97% of Americans have access to abortion in cases involving rape or incest of minors.
92% of Americans have access to abortion in cases of rape or incest, regardless of the mother’s age.
These details are so often overlooked and should definitely factor into the discussion when the corporate media convicts these states for “banning” abortion.
The Burden of Legislators
Following this dive into the details of the laws of each of these states, one thing stands out: the duties of legislating abortion carry the burden of immersing oneself into the nightmare of rape and incest, giving deep consideration to the tragic reality associated with respectful handling of the remains of aborted fetuses, and diving into every facet of the business and practice of performing abortions. Whether you agree with how these laws are written or implemented, the thought and consideration of these topics demanded of the legislators must have truly been difficult to endure. It certainly is unpleasant to research. While it is easy enough to develop hate in your heart for a lawmaker who strives to advance legislation that is in opposition to your own beliefs or ideals, it is important to remember that they have a really tough and often unpleasant job to do.
Bringing it Home
Meet Me in the Middle prefers the more reasonable perspective that the ruling to overturn Roe restores to the individual states the ability to legislate and govern in a manner more representative of their constituents’ principles and values. This was an enabling move for the states rather than a disabling attack on individuals.

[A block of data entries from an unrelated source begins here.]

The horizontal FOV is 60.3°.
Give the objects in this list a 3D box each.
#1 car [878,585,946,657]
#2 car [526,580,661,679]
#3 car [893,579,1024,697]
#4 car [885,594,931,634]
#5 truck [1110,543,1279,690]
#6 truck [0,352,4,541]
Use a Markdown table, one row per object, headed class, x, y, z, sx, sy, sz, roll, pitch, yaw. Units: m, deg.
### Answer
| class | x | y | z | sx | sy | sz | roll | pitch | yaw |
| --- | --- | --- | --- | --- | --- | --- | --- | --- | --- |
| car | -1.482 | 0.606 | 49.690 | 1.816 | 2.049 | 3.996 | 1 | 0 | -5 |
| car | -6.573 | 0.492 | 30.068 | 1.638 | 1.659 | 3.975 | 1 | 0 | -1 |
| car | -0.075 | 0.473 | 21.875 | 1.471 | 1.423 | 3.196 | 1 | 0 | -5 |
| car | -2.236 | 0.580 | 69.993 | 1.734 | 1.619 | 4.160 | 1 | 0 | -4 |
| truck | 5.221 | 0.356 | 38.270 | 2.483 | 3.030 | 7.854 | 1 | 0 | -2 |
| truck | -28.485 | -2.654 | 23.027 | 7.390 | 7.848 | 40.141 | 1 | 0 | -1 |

Supreme Court Justice Ruth Bader Ginsburg once wrote that the Roe decision “halted a political process that was moving in a reform direction and thereby, I believe, prolonged divisiveness and deferred stable settlement of the issue.” She went on to note that the Casey decision, “notably retreats from Roe and further excludes from the High Court’s protection women lacking the means or the sophistication to surmount burdensome legislation.” She also expressed optimism that the Casey decision would provide a positive outcome based on the revitalization of the issue among the people and their representatives: “That renewed force, one may hope, will-within a relatively short span-yield an enduring resolution of this vital matter in a way that affirms the dignity and equality of women.”

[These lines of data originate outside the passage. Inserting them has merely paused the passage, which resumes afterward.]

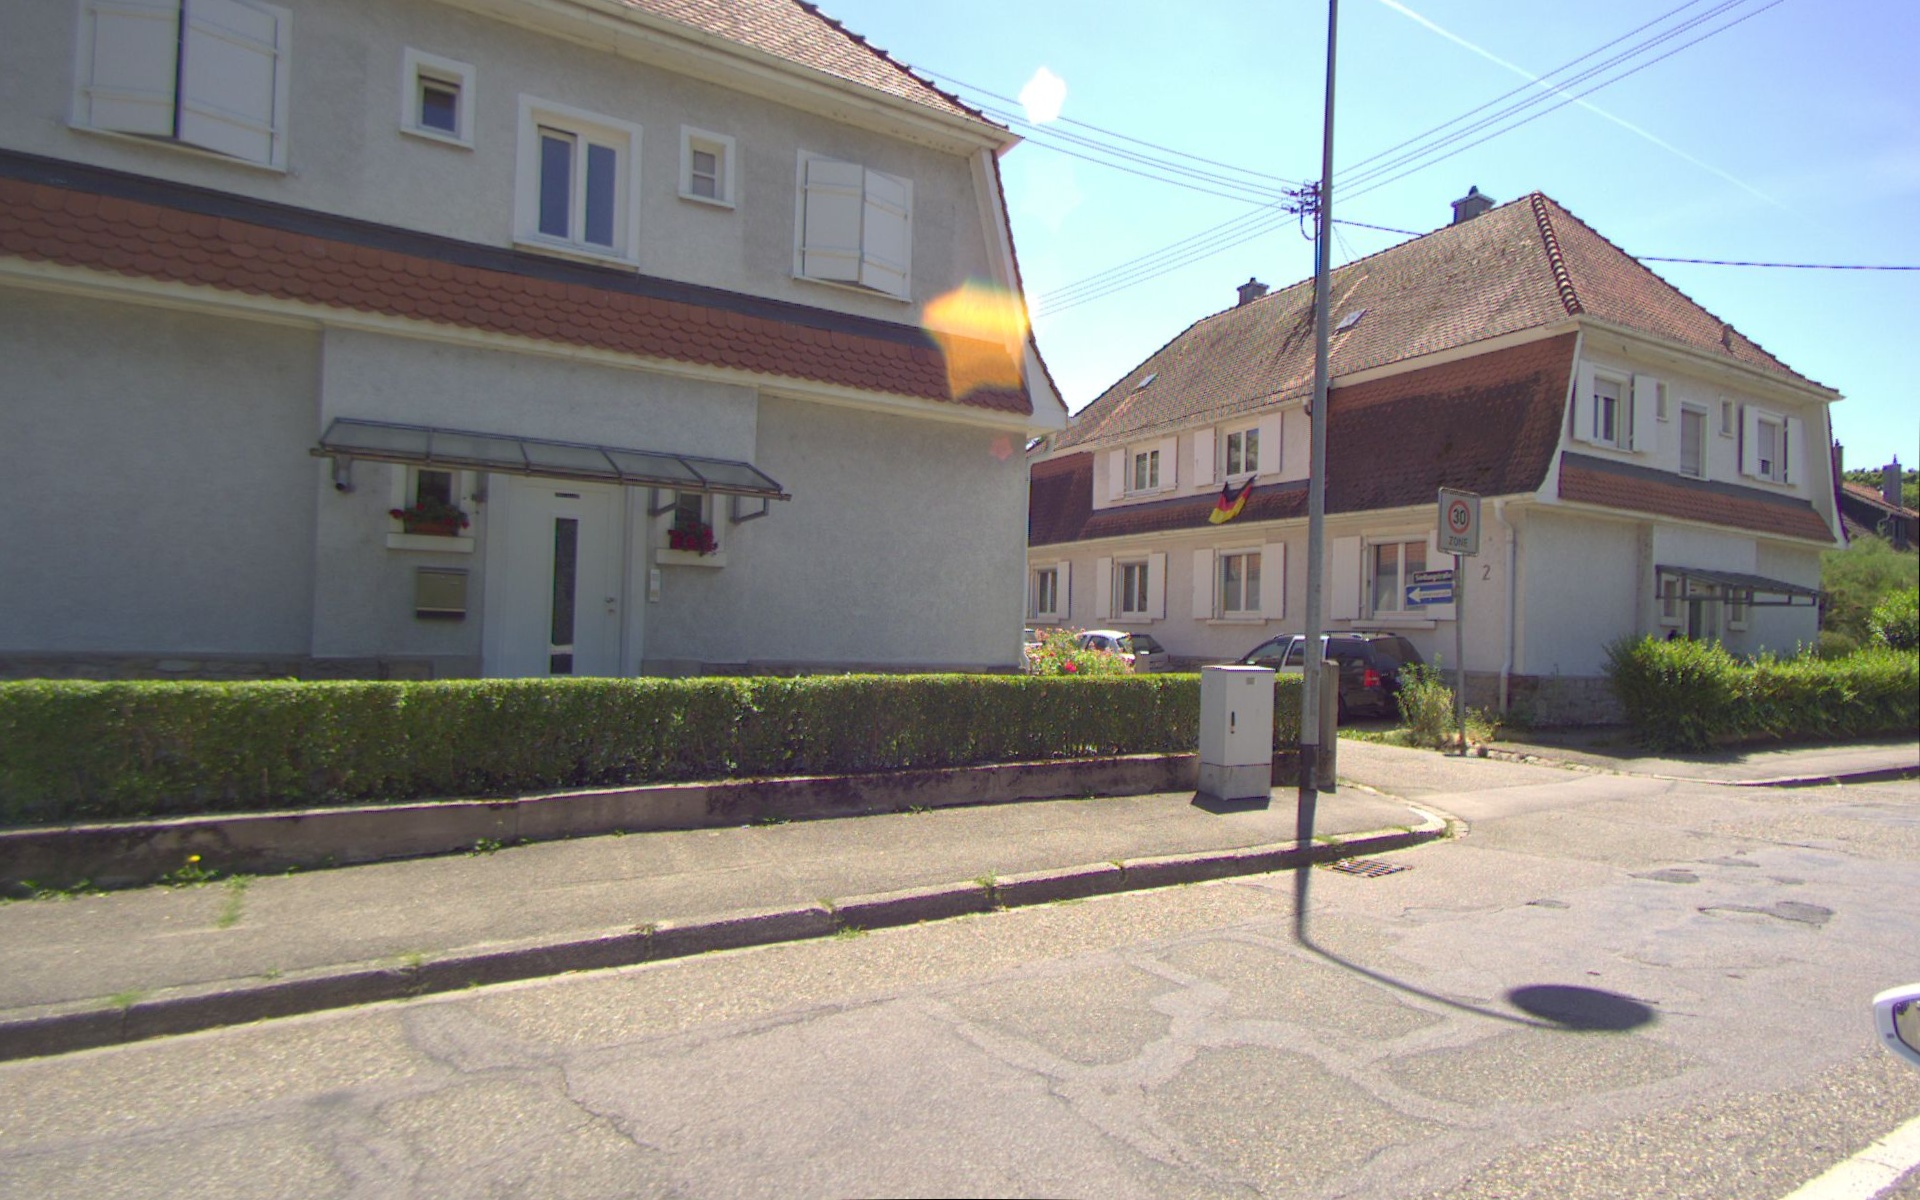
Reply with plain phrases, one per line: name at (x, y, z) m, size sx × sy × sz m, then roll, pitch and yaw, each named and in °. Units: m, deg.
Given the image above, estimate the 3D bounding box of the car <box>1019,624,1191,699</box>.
car at (3.210, 1.333, 22.874) m, size 1.758 × 1.460 × 3.764 m, roll 2°, pitch -1°, yaw -36°

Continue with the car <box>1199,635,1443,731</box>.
car at (6.179, 1.360, 17.569) m, size 1.755 × 1.443 × 3.770 m, roll 1°, pitch -2°, yaw -32°

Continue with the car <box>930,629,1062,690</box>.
car at (0.897, 1.544, 26.938) m, size 1.755 × 1.443 × 3.771 m, roll 2°, pitch -2°, yaw -31°

That resolution did not come in a short time span, but MMitM hopes that we can revive Justice Ginsburg’s hope that lawmakers see the opportunity in the overturning of Roe and seize it. Perhaps our legislators will rise to the challenge and find the courage to implement laws that will settle this issue once and for all. Few issues demand meeting somewhere in the middle more than the issue of abortion. Extreme positions continue to paralyze the legislative process and preclude the resolution for which Justice Ginsburg hoped. Please consider that when evaluating candidates for public office.